**GOAL OF THE EXERCISE:** Where a line of the data below has the string "time", copy that line.

▬▬▬▬▬▬

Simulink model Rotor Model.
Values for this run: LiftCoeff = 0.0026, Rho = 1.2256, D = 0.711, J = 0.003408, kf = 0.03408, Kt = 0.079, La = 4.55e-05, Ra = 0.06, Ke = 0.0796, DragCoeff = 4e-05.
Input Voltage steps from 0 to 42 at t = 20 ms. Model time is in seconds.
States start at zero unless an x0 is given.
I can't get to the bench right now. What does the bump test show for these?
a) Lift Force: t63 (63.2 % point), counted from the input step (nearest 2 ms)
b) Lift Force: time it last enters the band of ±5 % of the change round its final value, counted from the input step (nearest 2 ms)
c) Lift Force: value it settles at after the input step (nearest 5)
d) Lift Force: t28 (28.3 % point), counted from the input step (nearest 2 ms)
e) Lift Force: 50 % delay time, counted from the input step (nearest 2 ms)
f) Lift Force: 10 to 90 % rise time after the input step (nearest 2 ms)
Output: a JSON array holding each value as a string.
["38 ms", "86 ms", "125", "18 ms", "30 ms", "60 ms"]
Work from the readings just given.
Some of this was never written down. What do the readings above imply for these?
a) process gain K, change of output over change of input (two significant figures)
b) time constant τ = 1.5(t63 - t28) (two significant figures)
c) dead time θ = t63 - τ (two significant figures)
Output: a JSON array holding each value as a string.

▬▬▬▬▬▬

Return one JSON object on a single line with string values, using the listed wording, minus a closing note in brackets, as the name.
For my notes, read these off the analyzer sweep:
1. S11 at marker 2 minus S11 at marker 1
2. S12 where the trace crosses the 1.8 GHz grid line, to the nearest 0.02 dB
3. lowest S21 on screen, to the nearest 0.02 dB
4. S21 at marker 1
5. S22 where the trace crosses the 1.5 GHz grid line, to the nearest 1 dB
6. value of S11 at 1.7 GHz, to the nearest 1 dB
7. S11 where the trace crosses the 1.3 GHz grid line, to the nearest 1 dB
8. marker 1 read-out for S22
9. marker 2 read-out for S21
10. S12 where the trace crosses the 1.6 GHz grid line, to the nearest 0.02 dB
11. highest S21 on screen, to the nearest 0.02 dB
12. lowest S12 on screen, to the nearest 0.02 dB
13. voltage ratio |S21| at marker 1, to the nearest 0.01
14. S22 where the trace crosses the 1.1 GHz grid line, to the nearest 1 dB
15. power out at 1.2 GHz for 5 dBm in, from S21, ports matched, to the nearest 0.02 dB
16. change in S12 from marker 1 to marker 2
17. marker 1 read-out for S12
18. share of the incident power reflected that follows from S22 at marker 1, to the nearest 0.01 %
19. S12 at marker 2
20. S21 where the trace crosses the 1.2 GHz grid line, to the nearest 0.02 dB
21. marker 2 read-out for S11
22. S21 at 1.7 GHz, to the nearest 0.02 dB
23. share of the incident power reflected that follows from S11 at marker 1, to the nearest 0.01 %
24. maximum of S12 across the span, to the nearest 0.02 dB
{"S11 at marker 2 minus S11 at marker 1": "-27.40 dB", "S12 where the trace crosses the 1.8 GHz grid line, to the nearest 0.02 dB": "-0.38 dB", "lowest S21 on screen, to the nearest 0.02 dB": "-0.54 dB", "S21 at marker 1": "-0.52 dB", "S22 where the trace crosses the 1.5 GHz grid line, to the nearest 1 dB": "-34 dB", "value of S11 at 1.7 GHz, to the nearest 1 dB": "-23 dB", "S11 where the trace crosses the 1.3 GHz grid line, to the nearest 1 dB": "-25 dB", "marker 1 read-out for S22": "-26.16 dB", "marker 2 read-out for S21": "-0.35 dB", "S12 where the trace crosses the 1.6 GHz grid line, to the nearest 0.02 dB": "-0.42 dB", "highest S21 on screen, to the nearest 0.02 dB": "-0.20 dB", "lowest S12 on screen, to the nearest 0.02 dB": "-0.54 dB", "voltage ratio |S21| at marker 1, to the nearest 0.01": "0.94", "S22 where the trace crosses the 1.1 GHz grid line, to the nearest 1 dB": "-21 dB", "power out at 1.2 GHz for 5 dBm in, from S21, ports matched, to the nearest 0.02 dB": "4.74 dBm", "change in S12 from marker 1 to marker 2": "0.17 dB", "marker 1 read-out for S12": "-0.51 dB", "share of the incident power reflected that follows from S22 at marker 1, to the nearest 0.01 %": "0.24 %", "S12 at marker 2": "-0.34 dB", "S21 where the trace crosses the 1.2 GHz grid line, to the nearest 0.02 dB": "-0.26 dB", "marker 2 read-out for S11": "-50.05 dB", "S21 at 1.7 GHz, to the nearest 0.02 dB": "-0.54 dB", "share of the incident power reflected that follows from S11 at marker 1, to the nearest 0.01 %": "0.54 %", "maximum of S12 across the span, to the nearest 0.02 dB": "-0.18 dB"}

▬▬▬▬▬▬

**TASK ANSWER:**
Input Voltage steps from 0 to 42 at t = 20 ms. Model time is in seconds.
b) Lift Force: time it last enters the band of ±5 % of the change round its final value, counted from the input step (nearest 2 ms)
e) Lift Force: 50 % delay time, counted from the input step (nearest 2 ms)
f) Lift Force: 10 to 90 % rise time after the input step (nearest 2 ms)
b) time constant τ = 1.5(t63 - t28) (two significant figures)
c) dead time θ = t63 - τ (two significant figures)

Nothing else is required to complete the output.